GDPR Compliance & Data Privacy

1. Introduction

At Admin, we are committed to protecting your personal data and respecting your privacy. This policy explains how we collect, use, store, and protect your information in compliance with the General Data Protection Regulation (GDPR) and applicable data protection laws.

By using our platform, services, or website, you consent to the data practices described in this document. We encourage you to read it carefully.

2. Data Controller

The entity responsible for your personal data is:

Admin Technologies Ltd.
123 Innovation Drive, Tech District
London, EC2A 4NE, United Kingdom
Email: privacy@admin.com | Phone: +44 (0) 20 7946 0958

We act as the data controller for most processing activities described in this policy, meaning we determine the purposes and means of processing your personal data.

3. Data We Collect & Why

We only collect personal data that is necessary for providing our services, improving your experience, and complying with legal obligations. This includes:

Account Information: Name, email address, company name, role, and authentication credentials.
Usage Data: IP addresses, browser type, device information, pages visited, and interaction logs.
Billing Information: Payment details (processed securely via PCI-compliant third parties), invoicing addresses, and transaction history.
Communication Records: Emails, support tickets, and feedback submitted to our team.
Administrative Data: Team configurations, workspace settings, and audit logs required for platform functionality.

4. Legal Basis for Processing

We process your personal data under the following legal grounds as defined by GDPR Article 6:

Contractual Necessity: To fulfill our service agreement, manage accounts, and provide requested features.
Legitimate Interests: To improve platform performance, prevent fraud, and conduct analytics (where proportionate and not overridden by your rights).
Consent: For optional marketing communications, cookies, and personalized content (you may withdraw consent at any time).
Legal Compliance: To meet tax, financial, or regulatory obligations.

5. Data Retention

We retain your personal data only for as long as necessary to fulfill the purposes outlined in this policy, or as required by law:

Active user accounts: Retained for the duration of your subscription plus 24 months for support purposes.
Deleted accounts: Anonymized or securely deleted within 30 days, unless retention is legally required.
Billing & tax records: Retained for 7 years as per financial regulations.
Support communications: Retained for 3 years or until the matter is fully resolved.

6. Your Rights Under GDPR

You have the right to:

Access: Request a copy of the personal data we hold about you.
Rectification: Correct inaccurate or incomplete data.
Erasure: Request deletion of your data (subject to legal retention requirements).
Restriction: Limit how we process your data in certain circumstances.
Data Portability: Receive your data in a structured, machine-readable format.
Objection: Opt out of processing based on legitimate interests or direct marketing.

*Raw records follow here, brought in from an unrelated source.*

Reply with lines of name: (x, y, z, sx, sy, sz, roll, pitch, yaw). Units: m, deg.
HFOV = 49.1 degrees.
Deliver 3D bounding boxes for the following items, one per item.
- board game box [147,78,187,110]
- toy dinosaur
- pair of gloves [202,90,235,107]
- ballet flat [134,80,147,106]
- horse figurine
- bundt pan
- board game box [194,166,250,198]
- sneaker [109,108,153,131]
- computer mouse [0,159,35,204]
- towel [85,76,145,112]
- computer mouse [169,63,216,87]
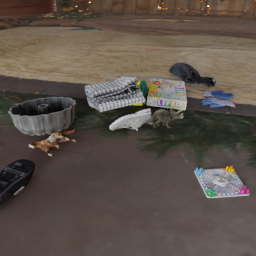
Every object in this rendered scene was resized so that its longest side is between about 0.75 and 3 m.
board game box: (1.913, -1.740, 13.799, 1.788, 0.455, 2.659, 8, 29, 4)
toy dinosaur: (1.346, -0.431, 11.010, 1.575, 0.806, 0.606, 2, 16, -13)
pair of gloves: (4.393, -1.421, 13.634, 1.562, 0.221, 1.943, 8, 31, 10)
ballet flat: (0.479, -1.731, 13.731, 0.757, 0.754, 2.258, -13, 29, 14)
horse figurine: (-2.589, 0.469, 9.920, 1.085, 0.409, 1.638, 15, 36, 35)
bundt pan: (-3.213, -0.434, 10.845, 2.520, 0.946, 2.520, -3, 22, 1)
board game box: (2.737, 1.545, 8.250, 1.227, 0.159, 1.227, -2, 29, -5)
sneaker: (0.154, -0.192, 10.878, 1.761, 0.722, 0.658, -19, 2, -5)
computer mouse: (-3.736, 1.685, 7.704, 1.659, 0.544, 2.363, 7, 35, 21)
towel: (-0.682, -1.526, 11.948, 2.090, 1.080, 2.525, -14, 16, -13)
computer mouse: (3.455, -3.162, 15.899, 2.056, 0.783, 2.969, 2, 23, -26)
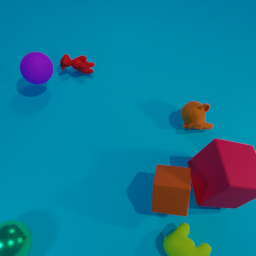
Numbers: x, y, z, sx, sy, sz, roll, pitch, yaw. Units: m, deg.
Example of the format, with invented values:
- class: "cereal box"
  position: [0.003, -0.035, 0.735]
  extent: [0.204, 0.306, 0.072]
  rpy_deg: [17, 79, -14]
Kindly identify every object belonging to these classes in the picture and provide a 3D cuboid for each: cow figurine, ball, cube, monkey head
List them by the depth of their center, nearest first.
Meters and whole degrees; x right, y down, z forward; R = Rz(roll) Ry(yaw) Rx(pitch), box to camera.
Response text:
- class: "cow figurine"
  position: [1.247, 3.118, 6.385]
  extent: [1.435, 0.800, 1.458]
  rpy_deg: [-38, 57, -17]
- class: "ball"
  position: [-2.728, 2.646, 6.480]
  extent: [0.989, 0.989, 0.989]
  rpy_deg: [0, 61, 0]
- class: "cube"
  position: [1.042, 1.481, 6.740]
  extent: [0.836, 0.836, 0.836]
  rpy_deg: [5, 26, 10]
- class: "cube"
  position: [2.362, 1.138, 6.779]
  extent: [1.209, 1.209, 1.209]
  rpy_deg: [11, 51, -22]
- class: "monkey head"
  position: [2.045, -0.359, 8.185]
  extent: [0.973, 1.352, 0.815]
  rpy_deg: [8, 87, -16]
- class: "ball"
  position: [-2.730, -1.789, 8.391]
  extent: [0.961, 0.961, 0.961]
  rpy_deg: [0, 61, 0]
- class: "cow figurine"
  position: [-1.727, -2.103, 9.297]
  extent: [0.965, 0.981, 0.539]
  rpy_deg: [0, 75, 31]
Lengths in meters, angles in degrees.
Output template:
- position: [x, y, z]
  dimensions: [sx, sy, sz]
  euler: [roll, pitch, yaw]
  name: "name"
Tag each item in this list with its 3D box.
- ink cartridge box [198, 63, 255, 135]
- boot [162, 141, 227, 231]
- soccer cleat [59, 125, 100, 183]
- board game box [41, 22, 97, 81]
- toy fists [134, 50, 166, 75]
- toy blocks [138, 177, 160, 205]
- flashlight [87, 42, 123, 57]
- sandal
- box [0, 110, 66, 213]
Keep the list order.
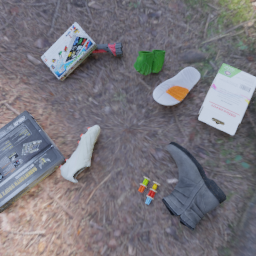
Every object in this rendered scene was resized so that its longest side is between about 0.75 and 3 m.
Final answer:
- position: [3.696, -0.974, 10.628]
  dimensions: [1.488, 0.855, 2.541]
  euler: [27, 75, 9]
  name: "ink cartridge box"
- position: [1.864, 1.992, 9.806]
  dimensions: [1.857, 0.985, 2.821]
  euler: [-38, 73, -4]
  name: "boot"
- position: [-1.563, 0.933, 10.159]
  dimensions: [0.865, 0.773, 2.231]
  euler: [33, 85, 16]
  name: "soccer cleat"
- position: [-2.360, -3.036, 11.170]
  dimensions: [2.022, 0.350, 1.276]
  euler: [-42, 78, 8]
  name: "board game box"
- position: [0.839, -2.531, 10.810]
  dimensions: [0.584, 1.699, 0.866]
  euler: [21, 117, 30]
  name: "toy fists"
- position: [0.679, 2.254, 10.033]
  dimensions: [0.684, 0.298, 0.821]
  euler: [26, 76, 6]
  name: "toy blocks"
- position: [-1.049, -3.151, 11.420]
  dimensions: [1.656, 0.563, 0.561]
  euler: [-3, 79, 6]
  name: "flashlight"
- position: [1.924, -1.481, 10.910]
  dimensions: [0.986, 0.737, 2.573]
  euler: [45, 58, 12]
  name: "sandal"
- position: [-4.131, 1.175, 10.103]
  dimensions: [2.998, 0.725, 2.374]
  euler: [-39, 78, -10]
  name: "box"
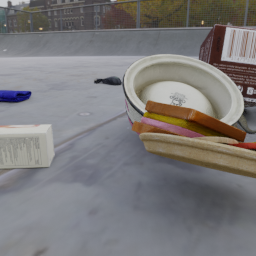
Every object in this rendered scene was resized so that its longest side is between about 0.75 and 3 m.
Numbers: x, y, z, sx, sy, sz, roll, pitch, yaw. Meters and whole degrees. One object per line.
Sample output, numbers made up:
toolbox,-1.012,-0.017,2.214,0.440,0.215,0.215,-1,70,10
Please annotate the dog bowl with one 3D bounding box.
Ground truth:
dog bowl,1.177,-0.579,6.606,2.750,1.014,2.750,6,46,-6

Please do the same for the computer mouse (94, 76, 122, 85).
computer mouse,-1.065,-2.778,16.180,1.716,0.452,1.189,16,22,41

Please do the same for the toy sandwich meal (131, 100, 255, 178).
toy sandwich meal,1.227,0.144,4.013,2.400,0.822,2.400,13,-6,1

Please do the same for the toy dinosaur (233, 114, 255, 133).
toy dinosaur,2.666,-0.428,7.984,2.253,0.867,1.152,7,25,30

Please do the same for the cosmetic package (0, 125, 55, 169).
cosmetic package,-2.283,0.360,5.606,1.469,0.759,0.641,0,17,-4

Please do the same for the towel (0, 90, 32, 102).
towel,-5.103,-1.336,11.727,1.728,0.428,1.276,3,11,10

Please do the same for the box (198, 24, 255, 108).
box,3.421,-1.847,9.096,2.108,2.087,2.541,8,3,6
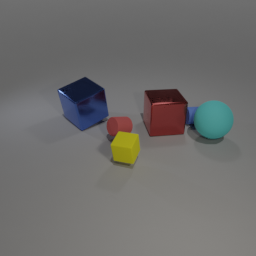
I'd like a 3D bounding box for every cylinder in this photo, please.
[{"bbox_3d":[-0.308,-0.066,10.283,0.700,0.700,0.700,-4,25,-42],"label":"cylinder"},{"bbox_3d":[2.752,-0.527,11.621,0.700,0.700,0.700,-3,30,-9],"label":"cylinder"}]

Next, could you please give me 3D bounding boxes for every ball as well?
[{"bbox_3d":[3.131,-0.307,10.279,1.400,1.400,1.400,0,30,0],"label":"ball"}]

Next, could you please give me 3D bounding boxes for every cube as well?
[{"bbox_3d":[-0.066,0.625,8.979,0.700,0.700,0.700,8,40,20],"label":"cube"},{"bbox_3d":[1.439,-0.641,11.166,1.400,1.400,1.400,-4,30,-8],"label":"cube"},{"bbox_3d":[-1.815,-1.020,11.493,1.400,1.400,1.400,-32,47,-27],"label":"cube"}]
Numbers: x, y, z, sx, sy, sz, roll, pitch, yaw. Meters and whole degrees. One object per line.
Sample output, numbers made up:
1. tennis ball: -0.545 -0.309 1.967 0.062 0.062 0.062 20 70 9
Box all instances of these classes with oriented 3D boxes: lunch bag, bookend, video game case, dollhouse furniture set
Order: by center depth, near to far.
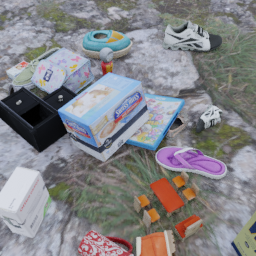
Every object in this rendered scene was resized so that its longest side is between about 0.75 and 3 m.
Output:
1. dollhouse furniture set: 1.192 1.995 7.261 1.643 0.846 1.625 -23 52 -19
2. video game case: 0.671 -0.315 9.472 1.710 0.213 2.390 13 48 31
3. bookend: -2.878 -0.745 9.539 2.333 1.081 2.348 34 56 26
4. lunch bag: -2.511 -2.028 10.630 1.593 1.194 1.878 32 63 29

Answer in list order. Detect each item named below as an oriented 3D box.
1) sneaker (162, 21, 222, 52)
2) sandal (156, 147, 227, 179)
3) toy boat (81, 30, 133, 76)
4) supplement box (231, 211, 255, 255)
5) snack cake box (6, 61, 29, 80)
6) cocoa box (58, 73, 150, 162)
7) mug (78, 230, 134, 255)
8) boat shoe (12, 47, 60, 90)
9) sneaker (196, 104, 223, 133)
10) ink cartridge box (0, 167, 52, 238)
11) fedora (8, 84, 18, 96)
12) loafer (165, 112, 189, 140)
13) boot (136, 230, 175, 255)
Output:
1. sneaker: 2.959 -4.137 12.499 2.718 1.203 1.007 -2 47 -3
2. sandal: 1.906 0.916 8.432 2.131 0.524 0.867 12 49 10
3. toy boat: -0.879 -3.363 11.761 2.218 1.226 2.638 -3 48 -3
4. supplement box: 4.015 2.285 5.849 2.558 2.555 1.717 -17 51 -15
5. snack cake box: -4.413 -2.335 11.465 0.527 0.308 0.916 28 54 25
6. cocoa box: -0.671 -0.426 8.703 1.523 1.498 2.283 24 55 38
7. mug: -0.497 2.984 6.619 1.135 1.008 0.757 25 89 26
8. boat shoe: -3.613 -2.389 11.166 0.900 0.775 2.500 30 58 24
9. sneaker: 2.791 -0.280 9.498 0.622 0.520 1.404 27 54 25
10. ink cartridge box: -2.541 1.853 6.931 0.640 1.524 1.108 12 49 10
11. fedora: -4.108 -1.194 10.308 0.370 0.725 0.819 1 44 -39
12. loafer: 1.706 -0.146 9.449 0.474 0.415 1.319 26 54 22
13. boot: 0.635 3.274 6.299 1.006 0.704 1.876 -4 40 1
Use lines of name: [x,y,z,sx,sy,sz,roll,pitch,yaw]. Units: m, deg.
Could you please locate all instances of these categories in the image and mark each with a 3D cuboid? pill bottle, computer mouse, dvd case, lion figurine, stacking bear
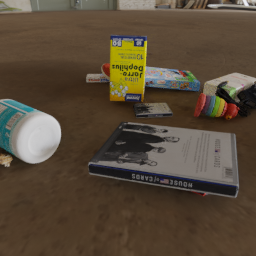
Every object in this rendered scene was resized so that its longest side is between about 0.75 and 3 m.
pill bottle: [-2.829,-0.022,7.073,2.207,1.223,1.223,20,34,34]
computer mouse: [3.998,-1.159,9.741,2.206,0.508,1.549,-29,61,-31]
dvd case: [0.908,0.556,6.433,2.983,0.369,2.242,7,26,16]
lion figurine: [-3.205,0.741,6.587,0.897,0.325,0.550,8,18,24]
stacking bear: [2.818,-0.626,8.811,1.236,0.751,0.703,16,57,5]
dvd case: [0.805,-0.600,9.312,1.178,0.146,0.885,-2,28,-5]

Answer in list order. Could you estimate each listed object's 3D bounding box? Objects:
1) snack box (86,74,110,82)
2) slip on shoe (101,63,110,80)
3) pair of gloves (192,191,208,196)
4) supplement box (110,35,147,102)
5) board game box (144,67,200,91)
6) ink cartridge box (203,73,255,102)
snack box: [-0.948,-2.199,12.281,1.710,0.208,0.615,-1,28,-2]
slip on shoe: [-0.248,-2.197,11.423,0.890,0.735,2.401,-20,42,-31]
pair of gloves: [1.437,0.835,6.504,2.016,0.230,1.621,19,33,33]
supplement box: [0.015,-2.109,9.808,1.187,2.182,1.195,3,19,4]
board game box: [1.656,-2.055,11.561,2.222,0.407,1.681,4,27,-6]
ink cartridge box: [3.847,-1.472,10.418,1.906,0.642,1.116,-21,35,-32]
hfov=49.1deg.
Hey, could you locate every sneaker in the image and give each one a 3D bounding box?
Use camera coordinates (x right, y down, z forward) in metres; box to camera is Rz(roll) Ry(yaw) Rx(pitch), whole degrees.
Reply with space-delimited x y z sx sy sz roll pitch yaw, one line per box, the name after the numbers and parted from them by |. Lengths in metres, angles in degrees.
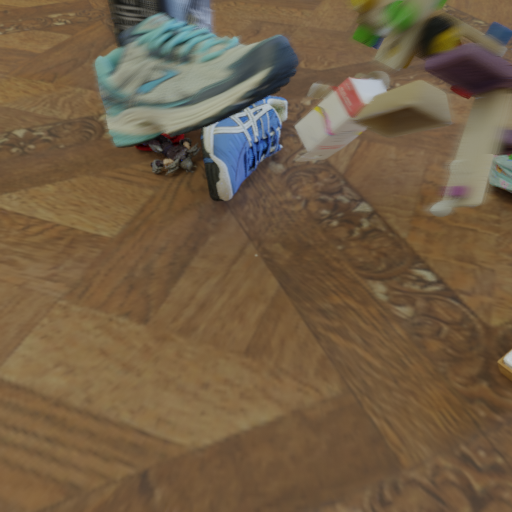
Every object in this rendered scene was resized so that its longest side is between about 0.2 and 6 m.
-0.216 -2.358 11.016 1.367 1.344 3.550 3 44 9 | sneaker
-1.041 -2.348 7.125 3.450 1.489 1.339 -2 26 44 | sneaker

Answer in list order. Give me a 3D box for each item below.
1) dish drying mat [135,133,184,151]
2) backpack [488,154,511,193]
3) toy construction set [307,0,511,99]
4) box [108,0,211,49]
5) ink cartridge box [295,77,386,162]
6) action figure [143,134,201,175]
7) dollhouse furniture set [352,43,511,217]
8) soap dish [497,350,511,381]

To exercise any of these rights, contact our Data Protection Officer using the details in Section 10. We will respond within 30 days and verify your identity before processing requests.

7. Cookies & Tracking Technologies

Our website and platform use cookies and similar technologies to ensure functionality, analyze usage, and improve security. Categories include:

Essential: Required for authentication, session management, and security.
Analytics: Help us understand how users interact with our platform (processed anonymously where possible).
Functional: Remember preferences like language or dashboard layout.
Marketing: Used only with explicit consent to deliver relevant communications.

You can manage cookie preferences through your browser settings or our in-platform privacy center. Disabling essential cookies may limit platform functionality.

8. Security Measures

We implement industry-standard technical and organizational safeguards to protect your data, including:

AES-256 encryption for data at rest and TLS 1.3 for data in transit
Role-based access controls and multi-factor authentication (MFA)
Regular security audits, penetration testing, and SOC 2 Type II compliance
Automated backups with geographic redundancy and strict access logging

Despite these measures, no system is 100% immune to breaches. In the event of a data breach affecting your personal data, we will notify you and relevant supervisory authorities within 72 hours as required by law.

9. International Data Transfers

Admin operates globally, and your data may be processed in jurisdictions outside the European Economic Area (EEA). Where this occurs, we ensure appropriate safeguards are in place, including:

EU Standard Contractual Clauses (SCCs)
Transfer impact assessments (TIAs) for high-risk jurisdictions
Supplementary technical measures where legal frameworks are insufficient

10. Contact & Data Protection Officer

If you have questions about this policy, wish to exercise your rights, or need to report a concern, please contact us:

Data Protection Officer (DPO)

📧 privacy@admin.com

📞 +44 (0) 20 7946 0958

📍 123 Innovation Drive, London EC2A 4NE, UK

⏱️ Response Time: Within 30 days (typically faster)

You also have the right to lodge a complaint with your local data protection supervisory authority.

11. Policy Updates

We may update this GDPR policy to reflect changes in our practices, technology, or applicable law. Material changes will be communicated via email or in-platform notifications at least 14 days before they take effect. The "Last Updated" date at the top of this page will reflect the current version.

Thank you for trusting Admin with your data. We take your privacy seriously and are committed to transparency, security, and compliance.